Staying fit keeps you younger relatively speaking.


----------



## gdog (Sep 13, 2007)

We are losing our "story tellers" and it saddens me. Great grandfathers, grandfathers and fathers who experienced life outside a cubical and computer screens. I cherish being able to sit around a campfire and hear the tales from years gone by from those who lived it first hand...but those individuals are getting harder and harder to find.

Here's to Virgil :O--O:


----------



## wyogoob (Sep 7, 2007)

Virgil had a cabin with a pond in Missouri, Unionville. I shot my biggest whitetail near there. 

One spring we planted hundreds of snowberry plants to attract turkeys. And it worked!

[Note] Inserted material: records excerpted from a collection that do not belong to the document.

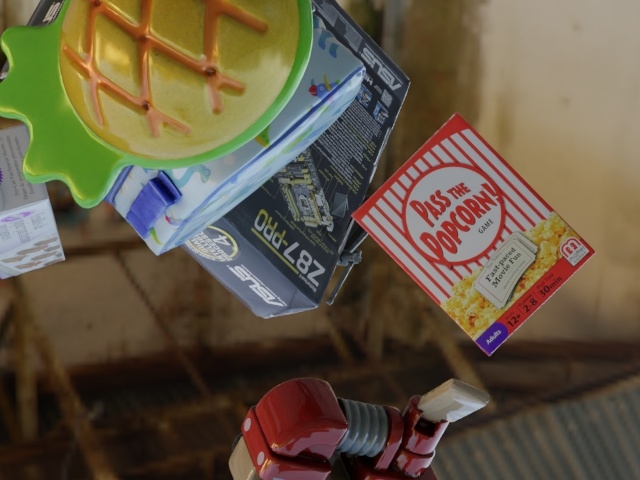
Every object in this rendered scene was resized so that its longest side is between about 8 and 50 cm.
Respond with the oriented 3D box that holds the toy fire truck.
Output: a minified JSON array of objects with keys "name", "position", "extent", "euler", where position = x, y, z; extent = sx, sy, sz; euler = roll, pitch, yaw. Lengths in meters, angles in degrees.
[{"name":"toy fire truck","position":[0.051,0.203,1.875],"extent":[0.217,0.246,0.158],"euler":[16,-155,-26]}]

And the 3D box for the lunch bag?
[{"name":"lunch bag","position":[-0.070,-0.078,1.321],"extent":[0.176,0.219,0.090],"euler":[-41,-90,-21]}]

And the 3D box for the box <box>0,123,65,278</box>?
[{"name":"box","position":[-0.255,-0.026,1.491],"extent":[0.063,0.067,0.324],"euler":[-17,174,-8]}]

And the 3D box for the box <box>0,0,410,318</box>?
[{"name":"box","position":[-0.098,-0.162,1.802],"extent":[0.097,0.395,0.318],"euler":[-14,-136,41]}]

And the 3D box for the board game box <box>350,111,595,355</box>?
[{"name":"board game box","position":[0.148,-0.007,1.757],"extent":[0.193,0.147,0.045],"euler":[45,-177,2]}]

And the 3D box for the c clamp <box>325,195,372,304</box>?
[{"name":"c clamp","position":[0.000,0.000,1.905],"extent":[0.137,0.022,0.161],"euler":[-52,-149,-17]}]

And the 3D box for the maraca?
[{"name":"maraca","position":[-0.089,-0.094,0.933],"extent":[0.186,0.127,0.099],"euler":[-28,171,18]}]
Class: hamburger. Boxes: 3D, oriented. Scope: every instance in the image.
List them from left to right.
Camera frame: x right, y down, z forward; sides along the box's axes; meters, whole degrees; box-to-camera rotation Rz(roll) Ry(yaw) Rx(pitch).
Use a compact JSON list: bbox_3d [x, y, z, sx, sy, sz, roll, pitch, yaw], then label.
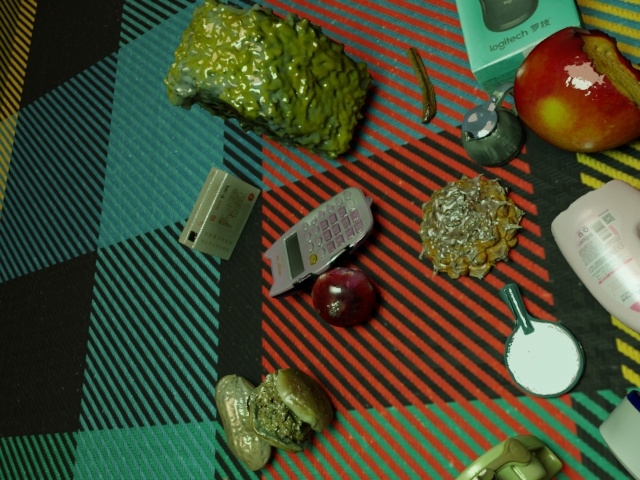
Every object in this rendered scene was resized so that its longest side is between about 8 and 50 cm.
[{"bbox_3d":[-0.055,0.320,1.134,0.131,0.159,0.185,-52,25,15],"label":"hamburger"}]

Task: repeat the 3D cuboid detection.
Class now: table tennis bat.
[{"bbox_3d":[0.356,0.163,0.960,0.124,0.033,0.201,-31,61,22],"label":"table tennis bat"}]

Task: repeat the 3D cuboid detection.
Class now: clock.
[{"bbox_3d":[0.253,0.364,0.836,0.170,0.232,0.069,-50,53,13],"label":"clock"},{"bbox_3d":[0.466,0.293,0.708,0.230,0.231,0.083,42,103,37],"label":"clock"}]

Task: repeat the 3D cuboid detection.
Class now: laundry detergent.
[{"bbox_3d":[0.500,0.066,0.854,0.159,0.088,0.335,-40,57,18],"label":"laundry detergent"}]

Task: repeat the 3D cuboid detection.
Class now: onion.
[{"bbox_3d":[0.045,0.114,1.143,0.131,0.131,0.131,-13,68,32],"label":"onion"}]

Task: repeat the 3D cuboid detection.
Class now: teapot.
[{"bbox_3d":[0.326,-0.212,1.060,0.149,0.108,0.111,-31,61,25],"label":"teapot"}]

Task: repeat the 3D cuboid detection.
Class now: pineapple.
[{"bbox_3d":[0.266,-0.032,1.064,0.225,0.076,0.224,-13,68,34],"label":"pineapple"}]

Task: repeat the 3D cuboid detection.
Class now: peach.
[{"bbox_3d":[0.442,-0.248,0.937,0.226,0.190,0.196,21,79,45],"label":"peach"}]

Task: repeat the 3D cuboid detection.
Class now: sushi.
[{"bbox_3d":[-0.120,-0.347,1.254,0.352,0.397,0.239,22,92,46],"label":"sushi"}]

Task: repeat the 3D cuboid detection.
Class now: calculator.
[{"bbox_3d":[0.001,0.001,1.237,0.294,0.043,0.194,-37,36,17],"label":"calculator"}]

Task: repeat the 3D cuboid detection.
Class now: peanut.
[{"bbox_3d":[-0.162,0.384,1.223,0.099,0.090,0.214,-21,60,-4],"label":"peanut"}]

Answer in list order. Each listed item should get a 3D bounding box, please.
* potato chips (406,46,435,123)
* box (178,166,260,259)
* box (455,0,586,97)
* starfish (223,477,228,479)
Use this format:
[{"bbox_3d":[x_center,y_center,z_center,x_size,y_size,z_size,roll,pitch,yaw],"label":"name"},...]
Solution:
[{"bbox_3d":[0.218,-0.343,1.237,0.037,0.026,0.203,-30,59,40],"label":"potato chips"},{"bbox_3d":[-0.244,-0.062,1.402,0.058,0.141,0.201,25,91,34],"label":"box"},{"bbox_3d":[0.375,-0.459,1.104,0.205,0.118,0.311,-17,65,29],"label":"box"},{"bbox_3d":[-0.222,0.691,1.159,0.327,0.094,0.374,7,74,39],"label":"starfish"}]
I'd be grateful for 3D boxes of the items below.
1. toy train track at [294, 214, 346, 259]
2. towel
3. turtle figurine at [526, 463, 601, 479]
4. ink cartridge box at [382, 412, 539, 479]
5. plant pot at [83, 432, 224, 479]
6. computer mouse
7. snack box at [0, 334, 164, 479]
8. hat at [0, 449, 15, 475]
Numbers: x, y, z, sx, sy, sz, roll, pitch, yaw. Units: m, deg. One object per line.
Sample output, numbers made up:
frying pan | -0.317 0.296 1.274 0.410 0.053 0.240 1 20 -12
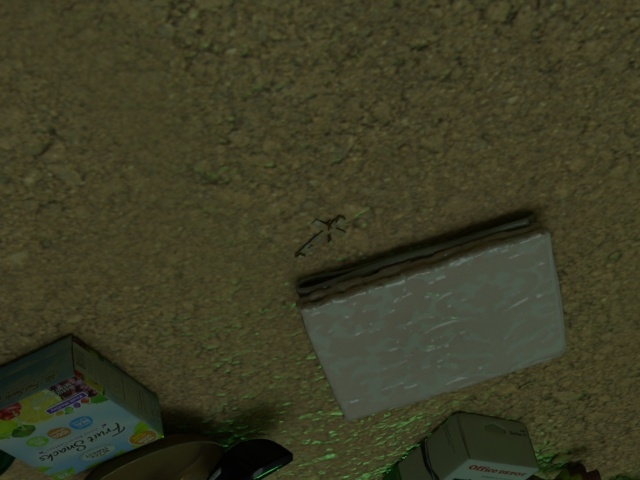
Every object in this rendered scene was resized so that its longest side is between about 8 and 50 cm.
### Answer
toy train track | 0.000 0.000 1.345 0.048 0.014 0.083 22 131 -36
towel | 0.154 0.111 1.498 0.332 0.053 0.317 -17 141 4
turtle figurine | 0.357 0.432 1.933 0.217 0.087 0.269 -11 163 -9
ink cartridge box | 0.224 0.372 1.815 0.153 0.086 0.208 13 134 -31
plant pot | -0.253 0.339 1.635 0.236 0.032 0.236 -23 155 -12
computer mouse | -0.159 0.353 1.655 0.184 0.060 0.262 -20 166 -31
snack box | -0.334 0.225 1.483 0.175 0.070 0.207 -25 142 14
hat | -0.498 0.372 1.520 0.173 0.183 0.208 19 130 -36
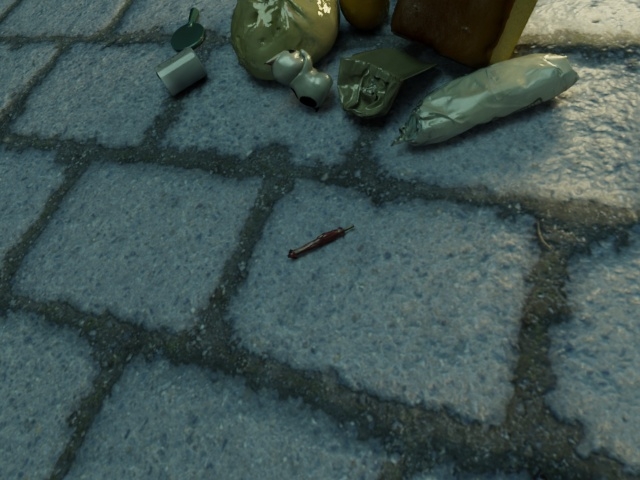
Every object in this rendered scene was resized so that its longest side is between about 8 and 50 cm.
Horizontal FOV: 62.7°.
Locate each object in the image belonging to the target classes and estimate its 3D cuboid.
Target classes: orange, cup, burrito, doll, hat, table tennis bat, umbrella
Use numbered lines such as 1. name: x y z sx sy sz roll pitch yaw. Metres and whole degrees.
1. orange: 0.130 -0.687 1.505 0.156 0.134 0.157 4 72 -13
2. cup: -0.438 -0.530 1.621 0.133 0.099 0.136 -33 55 -3
3. burrito: 0.361 -0.326 1.225 0.445 0.101 0.139 -21 59 5
4. doll: -0.049 -0.435 1.390 0.107 0.180 0.110 -47 9 11
5. hat: 0.172 -0.403 1.362 0.244 0.149 0.214 -13 38 -35
6. table tennis bat: -0.444 -0.717 1.784 0.124 0.033 0.201 -4 60 14
7. umbrella: 0.000 0.000 1.182 0.165 0.027 0.025 -26 80 -2

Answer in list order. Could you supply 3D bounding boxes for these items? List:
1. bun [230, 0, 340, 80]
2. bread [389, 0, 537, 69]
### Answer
1. bun: -0.106 -0.636 1.504 0.326 0.234 0.362 15 71 20
2. bread: 0.365 -0.619 1.282 0.323 0.143 0.333 39 121 34

We would cast n blast; largemouth bass, fox squirrels and wood ducks. Those were the days.

.


----------



## wyogoob (Sep 7, 2007)

*the cabin*



gdog said:


> We are losing our "story tellers" and it saddens me. Great grandfathers, grandfathers and fathers who experienced life outside a cubical and computer screens. I cherish being able to sit around a campfire and hear the tales from years gone by from those who lived it first hand...but those individuals are getting harder and harder to find.
> 
> Here's to Virgil :O--O:


This reminds me I need to finish my Bighorn Sheep hunt story, or what Mrs Goob refers to as "The Greatest Story Ever Told".

.


----------



## sawsman (Sep 13, 2007)

Man... no way would I want to do it all over again. I would do things different for sure though.

Now, If I could stay 16 forever? Heck yes! Worked hard, felt good and had some loved ones still around that I miss. Good memories.

Life is short... seems like a blink of an eye. No guarantees for tomorrow. Love those you love like tomorrow will never come.

So thankful for everything. Even the crappy stuff that seems to somehow make us stronger.


----------



## colorcountrygunner (Oct 6, 2009)

gdog said:


> We are losing our "story tellers" and it saddens me. Great grandfathers, grandfathers and fathers who experienced life outside a cubical and computer screens. I cherish being able to sit around a campfire and hear the tales from years gone by from those who lived it first hand...but those individuals are getting harder and harder to find.
> 
> Here's to Virgil :O--O:


It is sad losing our bridge to the older generations. We just said goodbye to grandma last week. She was just a couple months shy of her 90th birthday. She was born in Moab in 1927. A story was told at her funeral about her being fascinated with a man in Moab who had had his nose shot off by an Indians arrow (he was old by then, so this happened well before 1927 when Indian attacks were still a real occurrence). Whenever she saw him walking past her house she would always run outside to get a better look at him.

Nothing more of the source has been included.